Fortunately, the past year has seen a wealth of new and maturing work in the field, with frameworks such as Riak Core / Akka, coordination systems like ZooKeeper, and higher-level libraries such as LinkedIn’s Norbert and Boundary’s Ordasity and Scalang –– all of which help contain the complexity of distributed systems design, reducing the implementation of many common patterns to a few dozen lines of code in one’s language of choice. Appropriate selection among frameworks such as these can aid agile implementation of many systems while avoiding the NIH trap — or at least illuminating the dangers along the way.
This session offers a deep dive into the tradeoffs of different algorithms and techniques for load balancing, methods of containing cascading failures, and designing for resilience. While distributed architectures can introduce a surprising amount of indeterminism if implemented without care, approaches such as central coordination, atomic broadcast, and consistent hashing / token-based partitioning allow engineers to make continuous assertions about the condition and behavior of a system at runtime, ensuring its health and continued operation.
Of course, nothing matters more than the final operational story proven out in production: ensuring that one’s applications are running, available, and delivering on business value 24/7 – while hopefully allowing engineers and ops teams to sleep a solid 8. To that end, we’ll also discuss the runtime and reliability tradeoffs involved in failover, distribution, and balancing approaches, ways to minimize volatility across a cluster, and reflect on a few horror stories / postmortems.

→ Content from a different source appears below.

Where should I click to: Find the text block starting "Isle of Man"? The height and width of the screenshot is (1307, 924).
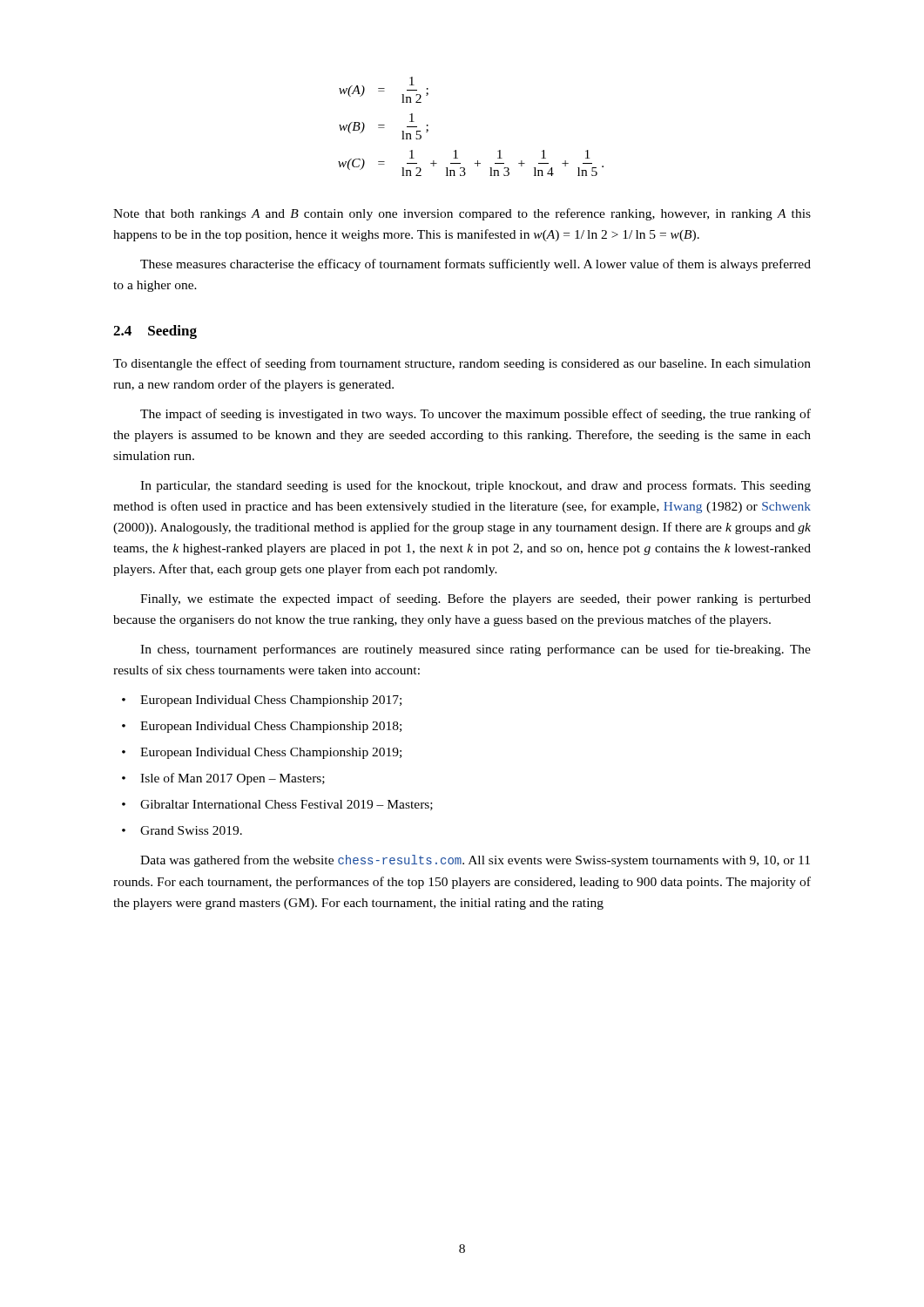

With a focus on practical strategies for implementing sound systems correctly, attendees can expect to leave with a solid understanding of the space, a survey of approaches that can be implemented quickly (including a batteries-included framework for building a distributed application with cluster membership, automatic load balancing, and handoff in 25 lines of code), and a path for further exploration and research.